# Solved: How do you disable headphones?



## ZaneBlaze (Sep 29, 2007)

Ok, so I had my headphones plugged in, and the tip of the jack broke off, so now I have no sound  ... So I figured if I disable my headphones, I SHOULD be able to get my sound back, right?

How can I disable the headphones to have my speakers work again on my Notebook PC?


----------



## ZaneBlaze (Sep 29, 2007)

Help


----------



## ZaneBlaze (Sep 29, 2007)

Ok, the pin broke inside headphone jack, and I CANT get it out. SO my computer thinks I have headphones plugged in. One thing, the case WONT come off (stupid Lenovo comp.), and It's kinda down in there far. Also, it's closed in, so I cant do anything even if I get the stupid think open! All I want to do is disable the headphones and make the sound come out of the speakers, but i cant find how to do it, if I can.

PLEASE HELP!
Lici


----------



## Triple6 (Dec 26, 2002)

You can't unless you open up the laptop and unplug it - and thats only if it can be unplugged, your best bet would be to try to remove the broken piece of the jack. And I know no easy way without taking the laptop apart as well.


----------



## ZaneBlaze (Sep 29, 2007)

I cant get the laptop open...it just wont pop open, we TRIED to get it out, someone mentioned something about disabling the headphones and forcing the sound to come out of the speakers.
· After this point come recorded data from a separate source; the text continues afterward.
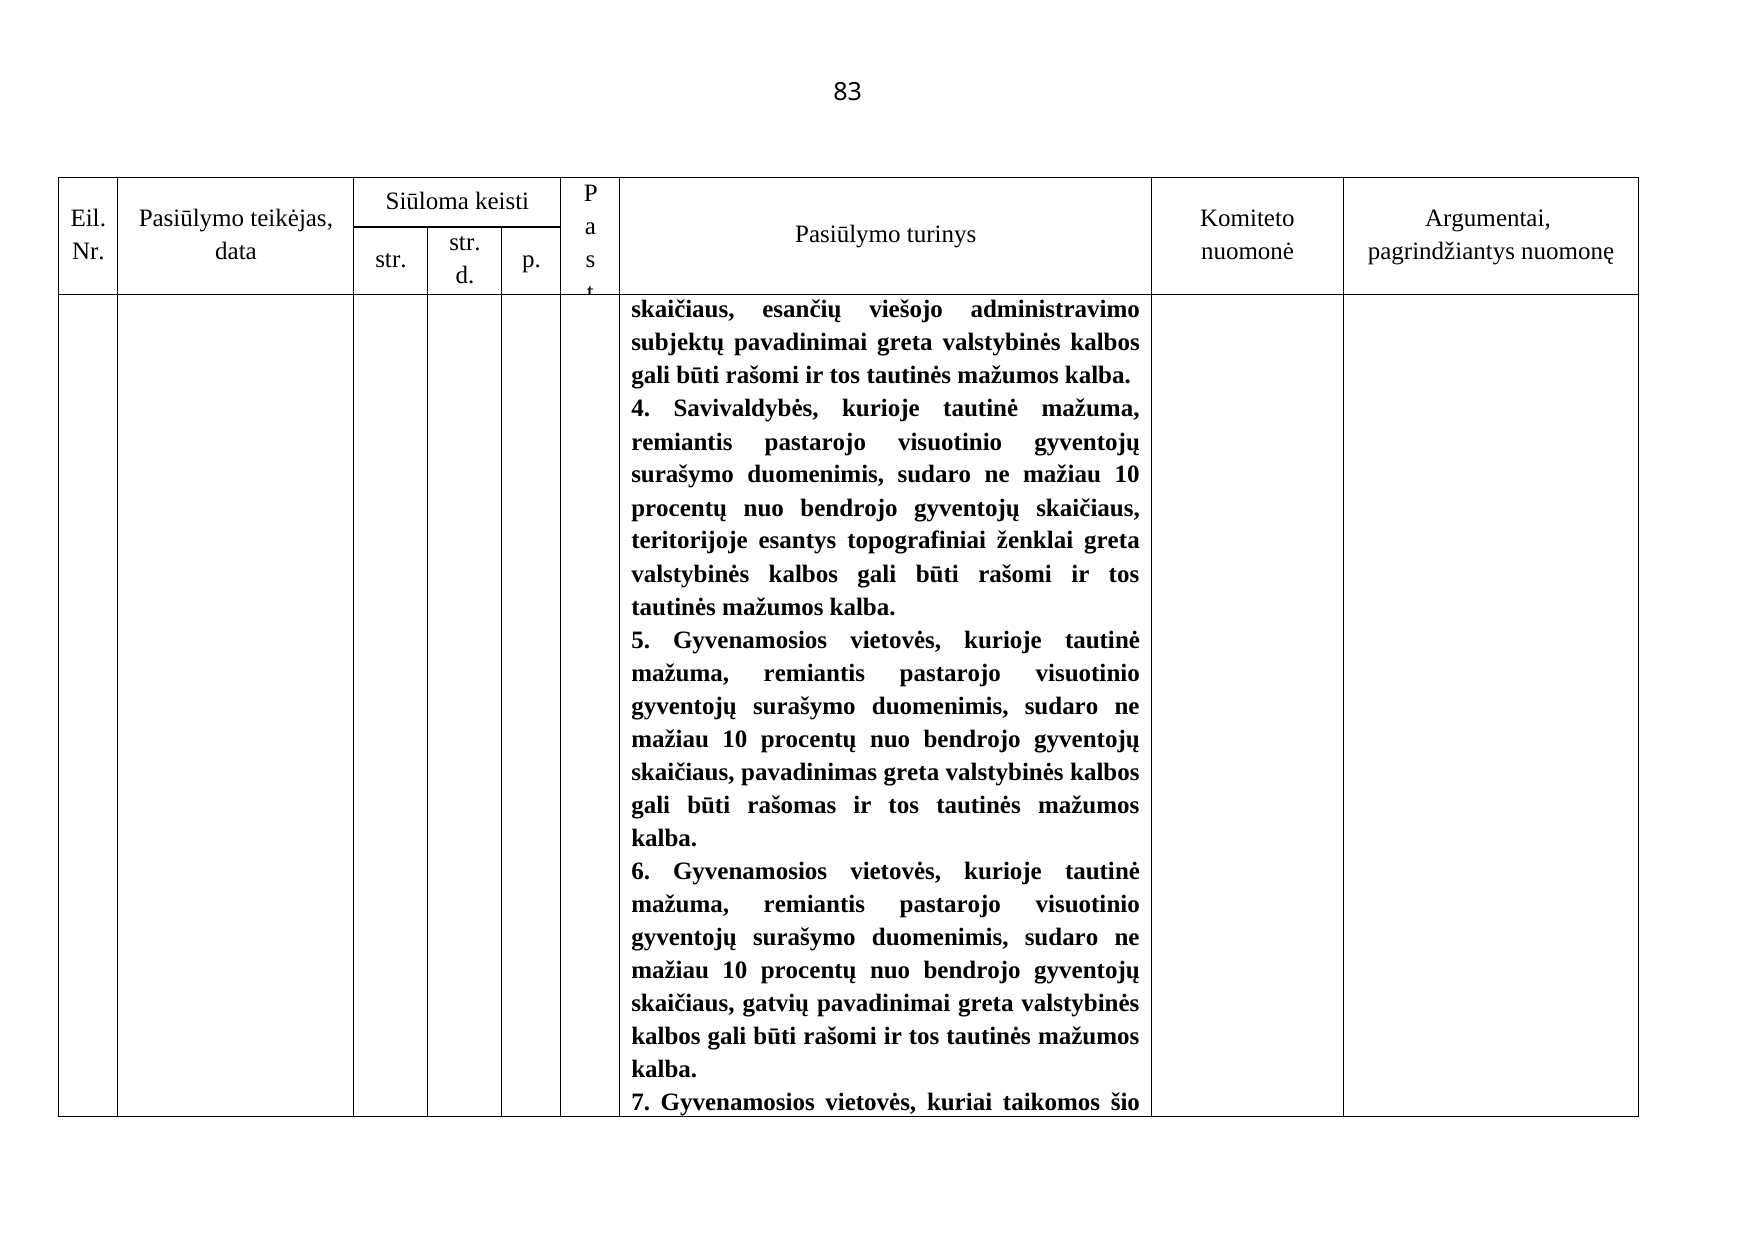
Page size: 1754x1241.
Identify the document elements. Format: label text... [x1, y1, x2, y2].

table_cell [561, 295, 619, 1116]
table_cell [1152, 295, 1343, 1116]
table_cell str. [354, 228, 427, 293]
table_cell [428, 295, 501, 1116]
table_header Pasiūlymo teikėjas, data [118, 178, 353, 293]
table_cell [59, 295, 117, 1116]
table_header Komiteto nuomonė [1152, 178, 1343, 293]
table_header Pastabos [561, 178, 619, 293]
table_header Siūloma keisti [354, 178, 560, 226]
table_header Eil. Nr. [59, 178, 117, 293]
table_cell str. d. [428, 228, 501, 293]
table_header Argumentai, pagrindžiantys nuomonę [1344, 178, 1638, 293]
table_cell [1344, 295, 1638, 1116]
table_cell skaičiaus, esančių viešojo administravimo subjektų pavadinimai greta valstybinės kalbos gali būti rašomi ir tos tautinės mažumos kalba. 4. Savivaldybės, kurioje tautinė mažuma, remiantis pastarojo visuotinio gyventojų surašymo duomenimis, sudaro ne mažiau 10 procentų nuo bendrojo gyventojų skaičiaus, teritorijoje esantys topografiniai ženklai greta valstybinės kalbos gali būti rašomi ir tos tautinės mažumos kalba. 5. Gyvenamosios vietovės, kurioje tautinė mažuma, remiantis pastarojo visuotinio gyventojų surašymo duomenimis, sudaro ne mažiau 10 procentų nuo bendrojo gyventojų skaičiaus, pavadinimas greta valstybinės kalbos gali būti rašomas ir tos tautinės mažumos kalba. 6. Gyvenamosios vietovės, kurioje tautinė mažuma, remiantis pastarojo visuotinio gyventojų surašymo duomenimis, sudaro ne mažiau 10 procentų nuo bendrojo gyventojų skaičiaus, gatvių pavadinimai greta valstybinės kalbos gali būti rašomi ir tos tautinės mažumos kalba. 7. Gyvenamosios vietovės, kuriai taikomos šio [620, 295, 1151, 1116]
table_cell [502, 295, 560, 1116]
table_cell [118, 295, 353, 1116]
table_header Pasiūlymo turinys [620, 178, 1151, 293]
table_cell [354, 295, 427, 1116]
table_cell p. [502, 228, 560, 293]

Can you do it through the BIOS?


----------



## JohnWill (Oct 19, 2002)

I've merged your two threads, please don't start multiple threads on the same issue.


----------



## JohnWill (Oct 19, 2002)

The headphone jack disabling the speakers is a mechanical contact on the phone jack, there is no way to "fix" this with a BIOS setting.


----------



## cwwozniak (Nov 29, 2005)

Many a typical headphone jack setup includes internal switched contacts that feed the speakers. Inserting a headphone plug into the jack moves the contacts apart and automatically disconnects the speakers. An overly aggressive attempt to remove pieces of a broken plug in the jack could bend the contacts so that the speakers never connect.


----------



## ZaneBlaze (Sep 29, 2007)

No, that is NOT the problem. The piece of the plugis still lodged in the jack. We haven't been overly agressive...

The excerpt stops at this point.